Sure, you just do some javascript and HTML to get your thing working quickly, but that hasn't even been recommended since the days of Jquery (where it was recommended over just doing vanilla JS in order to maintain cross-browser compatibility).

It depends on your setup and use cases whether or not something is overkill, but for any reasonably large app just doing some HTML and javascript is not going to be enough to keep things maintainable, and that's before even considering things like browser compatibility, accessibility concerns, localization/internationalization, etc. A simple app or product does not mean the internals are necessarily simple.



> A lot things can be easier if you do things the "wrong way".

> It depends on your setup and use cases whether or not something is overkill, but for any reasonably large app just doing some HTML and javascript is not going to be enough to keep things maintainable...

I don't think you are responding to the point that the previous comment is making. The point is that there is a spectrum from let's say, traditional, to full-on SPA.

When presented with most spectrums of choice like this, it's expected that most people will weigh in requirements first and choose the solution based on the requirements (if they are an engineer, or pretending to be one.) In terms of expertise, they might love to write SPAs, but they realize that the other options on the spectrum exist for reasons other than being in, or out of fashion.

The problem is that some folks overemphasize what's in fashion. There are many reasons for this, and it's something that happens across other disciplines, not just programming. That said, we have a unique situation with programming in that someone can be quite an expert while only understanding one end of the spectrum. It's very easy for these folks to hold sway.

When it comes to the "wrong way", I agree with you, but I'd go further. If the requirements demand a SPA then you need to go all in and use the best modern tools. There are a lot of things created as we moved out of the full page render ages which don't result in good SPA development (for users or devs.) Embrace Typescript, React, etc because these solutions have evolved from that in-between stage.

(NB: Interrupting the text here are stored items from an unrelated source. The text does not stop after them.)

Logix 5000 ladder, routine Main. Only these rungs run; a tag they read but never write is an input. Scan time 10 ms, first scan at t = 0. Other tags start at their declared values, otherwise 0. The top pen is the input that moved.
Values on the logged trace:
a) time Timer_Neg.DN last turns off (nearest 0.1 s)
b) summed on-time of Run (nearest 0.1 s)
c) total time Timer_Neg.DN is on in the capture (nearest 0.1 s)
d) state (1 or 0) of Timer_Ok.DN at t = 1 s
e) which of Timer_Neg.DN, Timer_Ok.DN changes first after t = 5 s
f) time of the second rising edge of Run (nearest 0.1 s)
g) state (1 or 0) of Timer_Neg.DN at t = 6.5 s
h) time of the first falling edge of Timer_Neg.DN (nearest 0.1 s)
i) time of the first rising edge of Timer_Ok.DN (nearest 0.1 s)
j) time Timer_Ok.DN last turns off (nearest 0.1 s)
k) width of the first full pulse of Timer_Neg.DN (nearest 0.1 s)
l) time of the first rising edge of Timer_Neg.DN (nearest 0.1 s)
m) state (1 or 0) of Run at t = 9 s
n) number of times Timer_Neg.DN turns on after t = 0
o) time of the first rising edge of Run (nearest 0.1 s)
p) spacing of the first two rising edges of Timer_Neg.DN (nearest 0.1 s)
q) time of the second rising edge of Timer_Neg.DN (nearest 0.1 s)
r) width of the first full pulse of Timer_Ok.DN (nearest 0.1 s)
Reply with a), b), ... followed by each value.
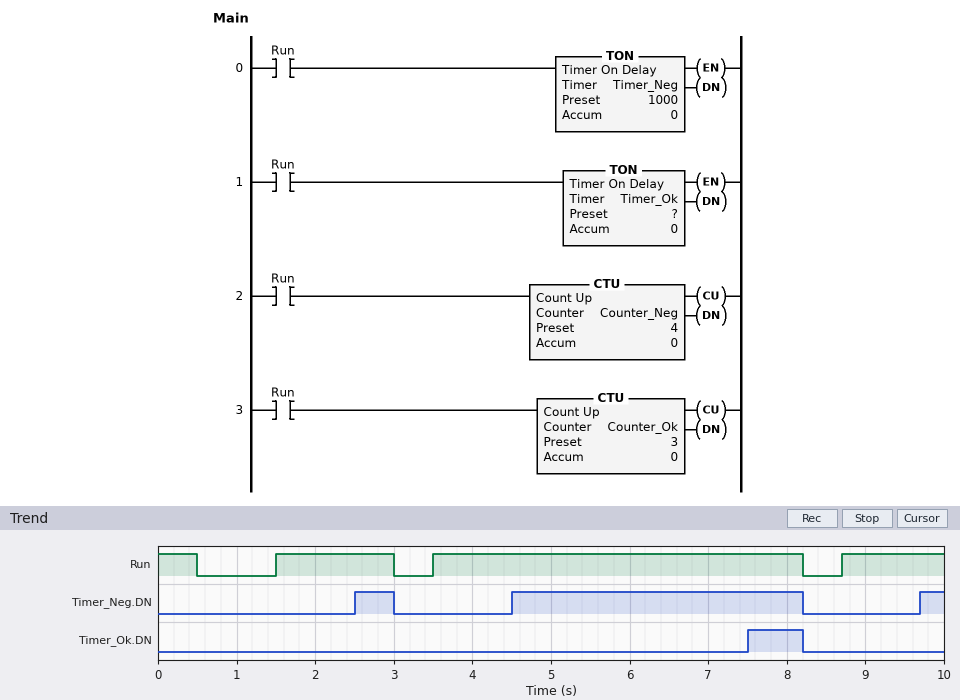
a) 8.2 s
b) 8.0 s
c) 4.5 s
d) 0
e) Timer_Ok.DN
f) 3.5 s
g) 1
h) 3.0 s
i) 7.5 s
j) 8.2 s
k) 0.5 s
l) 2.5 s
m) 1
n) 3
o) 1.5 s
p) 2.0 s
q) 4.5 s
r) 0.7 s
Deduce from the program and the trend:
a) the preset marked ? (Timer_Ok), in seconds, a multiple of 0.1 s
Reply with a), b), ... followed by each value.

a) 4.0 s
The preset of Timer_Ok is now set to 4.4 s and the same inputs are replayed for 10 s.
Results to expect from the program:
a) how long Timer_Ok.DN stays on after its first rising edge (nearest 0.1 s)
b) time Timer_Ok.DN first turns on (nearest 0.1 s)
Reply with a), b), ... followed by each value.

a) 0.3 s
b) 7.9 s
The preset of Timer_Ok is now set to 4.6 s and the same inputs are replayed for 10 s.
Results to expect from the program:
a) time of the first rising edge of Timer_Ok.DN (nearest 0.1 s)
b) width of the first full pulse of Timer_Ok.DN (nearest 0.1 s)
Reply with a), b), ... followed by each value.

a) 8.1 s
b) 0.1 s
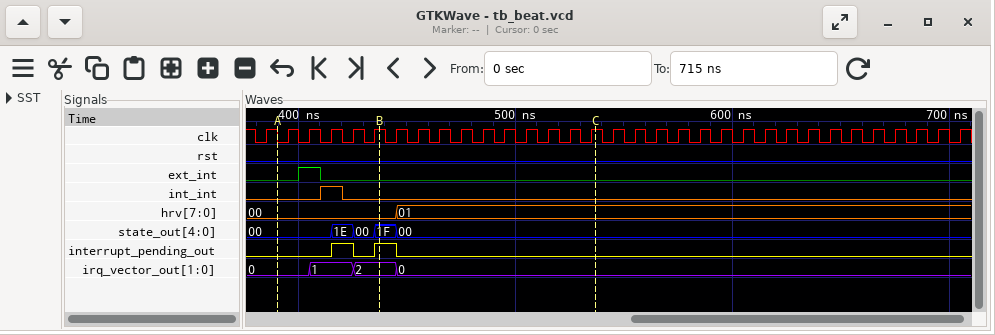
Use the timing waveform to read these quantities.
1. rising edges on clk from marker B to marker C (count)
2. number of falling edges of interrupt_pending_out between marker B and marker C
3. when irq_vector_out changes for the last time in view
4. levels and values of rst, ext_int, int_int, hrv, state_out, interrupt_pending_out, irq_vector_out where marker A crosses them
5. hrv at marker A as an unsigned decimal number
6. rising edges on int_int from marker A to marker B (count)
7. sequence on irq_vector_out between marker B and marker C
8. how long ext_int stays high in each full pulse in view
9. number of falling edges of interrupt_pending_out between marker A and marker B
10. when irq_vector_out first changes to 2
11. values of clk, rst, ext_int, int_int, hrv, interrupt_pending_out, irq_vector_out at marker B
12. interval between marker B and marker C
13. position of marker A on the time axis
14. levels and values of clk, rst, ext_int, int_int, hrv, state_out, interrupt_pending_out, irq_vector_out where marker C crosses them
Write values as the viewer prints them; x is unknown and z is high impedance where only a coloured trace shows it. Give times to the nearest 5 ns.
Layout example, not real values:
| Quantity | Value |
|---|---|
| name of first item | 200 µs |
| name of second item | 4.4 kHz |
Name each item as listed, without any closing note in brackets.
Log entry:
| Quantity | Value |
|---|---|
| rising edges on clk from marker B to marker C | 10 |
| number of falling edges of interrupt_pending_out between marker B and marker C | 1 |
| when irq_vector_out changes for the last time in view | 445 ns |
| levels and values of rst, ext_int, int_int, hrv, state_out, interrupt_pending_out, irq_vector_out where marker A crosses them | rst=0, ext_int=0, int_int=0, hrv=00, state_out=00, interrupt_pending_out=0, irq_vector_out=0 |
| hrv at marker A as an unsigned decimal number | 0 |
| rising edges on int_int from marker A to marker B | 1 |
| sequence on irq_vector_out between marker B and marker C | 2, 0 |
| how long ext_int stays high in each full pulse in view | 10 ns |
| number of falling edges of interrupt_pending_out between marker A and marker B | 1 |
| when irq_vector_out first changes to 2 | 425 ns |
| values of clk, rst, ext_int, int_int, hrv, interrupt_pending_out, irq_vector_out at marker B | clk=1, rst=0, ext_int=0, int_int=0, hrv=00, interrupt_pending_out=1, irq_vector_out=2 |
| interval between marker B and marker C | 100 ns |
| position of marker A on the time axis | 390 ns |
| levels and values of clk, rst, ext_int, int_int, hrv, state_out, interrupt_pending_out, irq_vector_out where marker C crosses them | clk=1, rst=0, ext_int=0, int_int=0, hrv=01, state_out=00, interrupt_pending_out=0, irq_vector_out=0 |

Using "browser compatibility, accessibility concerns, localization/internationalization" isn't a great argument here. These are often orthogonal requirement. It's easy to argue that full page rendering, or static HTML meets all these more easily. These apps can't compete if you need particular interactive experiences.


I did address that it depends on your requirements. But my point is that it is highly unlikely that any requirements would be better served by vanilla JS + html than say writing your code with ES Next or React, unless you truly have some sort of limited use one-off thing.

Tools like webpack, babel, and react are also orthogonal to whether or not you're doing an SPA. These new tools aren't just to make your app a SPA, but are meant to decouple the maintainability of your code from the implementation details. React itself isn't even a framework but a paradigm which just happens to have a specific implementation that requires their runtime. The most recent shift is to turn your components into pure functions, and this is less about the framework and more about decoupling your app rendering logic from the react implementation. There's no objective argument that writing vanilla JS is better than writing modern ES next code. These language improvements are done to improve the failings of the javascript language after all.

You can totally use React to purely statically render your website. This is what most SSR implementations do, and the only reason JS is still activated is most modern apps require interactivity.

If you start doing vanilla JS and HTML you're doing a direct implementation. That's almost always the wrong way just because of browser differences between operating systems, mobile vs desktop, and all the other features that aren't really bells and whistles but more and more necessary as technology serves a bigger role. Perhaps in 1990 it's fine that a website can be made for a specific user for a specific purpose.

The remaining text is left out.